Second, it allows the mobile site to act as an emergency backup for the Web site, when the site is down for a prolonged period, such as what happened to American Eagle Outfitters last month when its Web site was either down or sharply limited for eight days. How do you allocate costs between mobile and Web when one is a backup for the other?

It doesn’t end there. An IT executive at one of the nation’s largest chains added that the cost differences are also dictated by lots of programming decisions after the general platform is chosen. “From an technical perspective, it depends on how much legacy architecture requires enhancement to support mobile,” she said. Moving to a service-oriented architecture brings efficiencies for cross-channel development. Using HTML5 simplifies developing mobile apps for multiple platforms, such as Apple iOS, Palm WebOS, Windows Mobile and Blackberry. But that loses access to some native capabilities. And using some mobile technologies, such as SMS, means a per-use cost is built in.

Then there’s the problem of what we mean by mobile commerce. Is it a mobile site that allows for purchases, which will be funded by a credit card, such as the Pizza Hut app? Or is it an in-store application where the phone acts as a card-swipe, such as what Apple Stores use? If the phone is being used in-store–or even remotely–to swipe a mag-stripe, then it has a clear financial margin advantage in the form of turning a Web site’s card-not-present interchange rate into the much lower mobile-swipe card-present fee. (If the card is a contactless card, the equation can get more complicated.)


4 Comments | Read Mobile Cannibalism: Get Used To It

  1. Vikas Goyal Says:

    True. Its more about customer retention than acquisition.

  2. Dan Stiel Says:

    Yes, mobi-ordering will disintermediate transactions from other channels. So did ATMs in the 1980s at the bank, as did pay-at-the pump did at the gas station in the 1990s, and the web has for retailers over the past decade.

    Mobi-ordering begins with eliminating the “hassle-factor” for customers – whether making it easier to order a pizza or making a last-minute change on an airline ticket, as well as improving operational and labor effectiveness for merchants.
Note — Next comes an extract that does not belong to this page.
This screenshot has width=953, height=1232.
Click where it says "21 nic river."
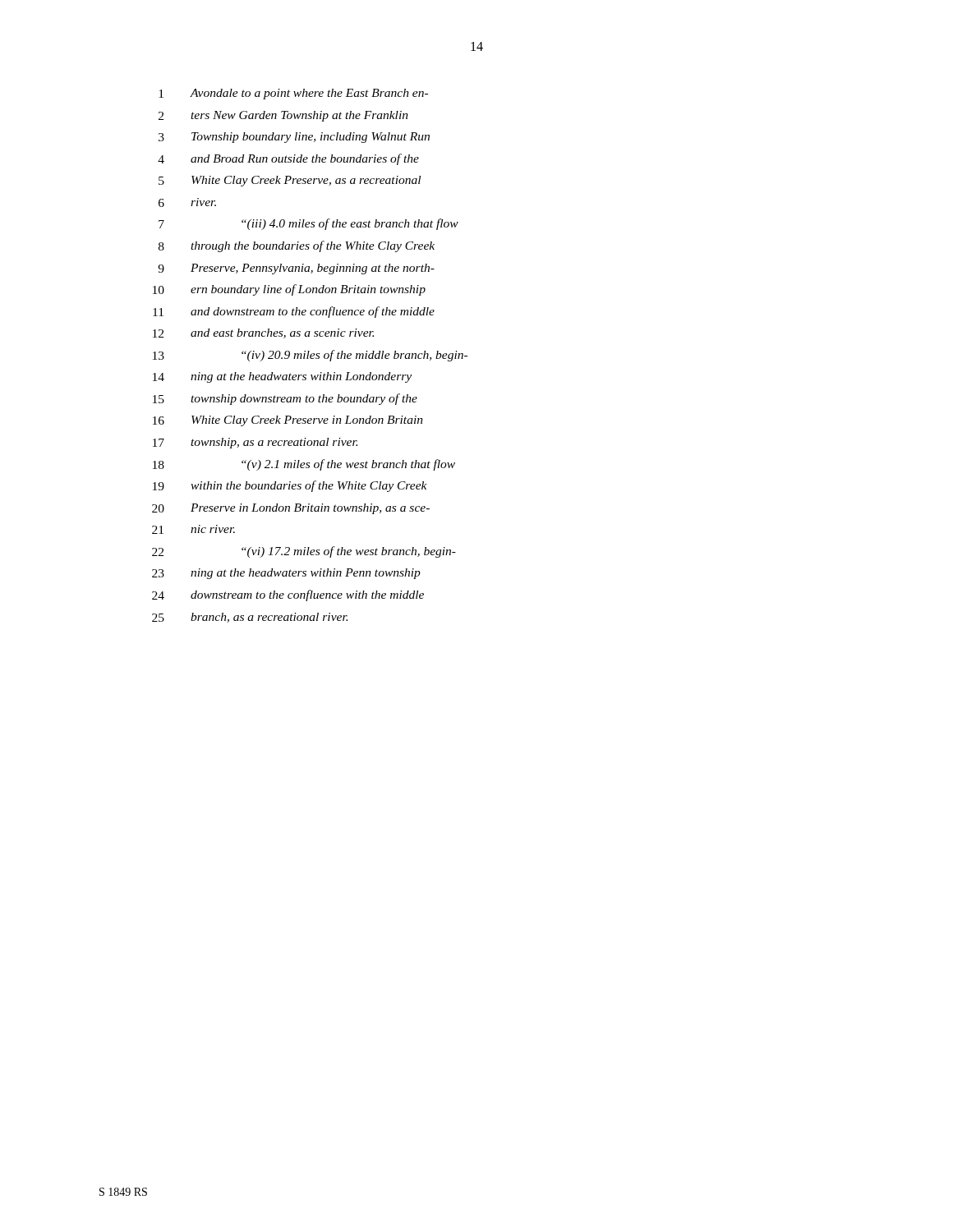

    Mobi-ordering will become a consumer expectation sooner than most realize for reasons that include convenience but go much deeper.

    I’ve been working with a mobile technology client who builds mobile ordering apps for food service operators and entertainment venues. The challenge is less about supporting the devices (iPhone, iPad, Android, Blackberry, et al). That’s actually easier than you might first think.

    The bigger issue for operators (not our client, I might add) not mentioned in your article, is having the skill and tenacity to integrate the ordering app into the multitude of POS networks/software iterations, and vintage systems a multi-unit operator tends to support.

    The other issue is bandwidth. Mobi-devices can find it challenging to find/grab a signal to complete a transaction, even with 3G and 4G promises. I’ve had those Bill Gates/Steve Jobs moments where I can’t finish a live demo in front of an audience because the AT&T signal fails on my iPhone or iPad.

    The biggest opportunity/threat of all for your readers? Mobi-ordering is agnostic when it comes to payment choices. Your mobile phone is indifferent to Visa, AMEX, or any other form of payment available to the customer. That creates opportunities for merchants and entrepreneurs to use mobi-ordering platforms for card-less alternative payment choices that have yet to be dreamed of that can reduce expenses or add value in new ways.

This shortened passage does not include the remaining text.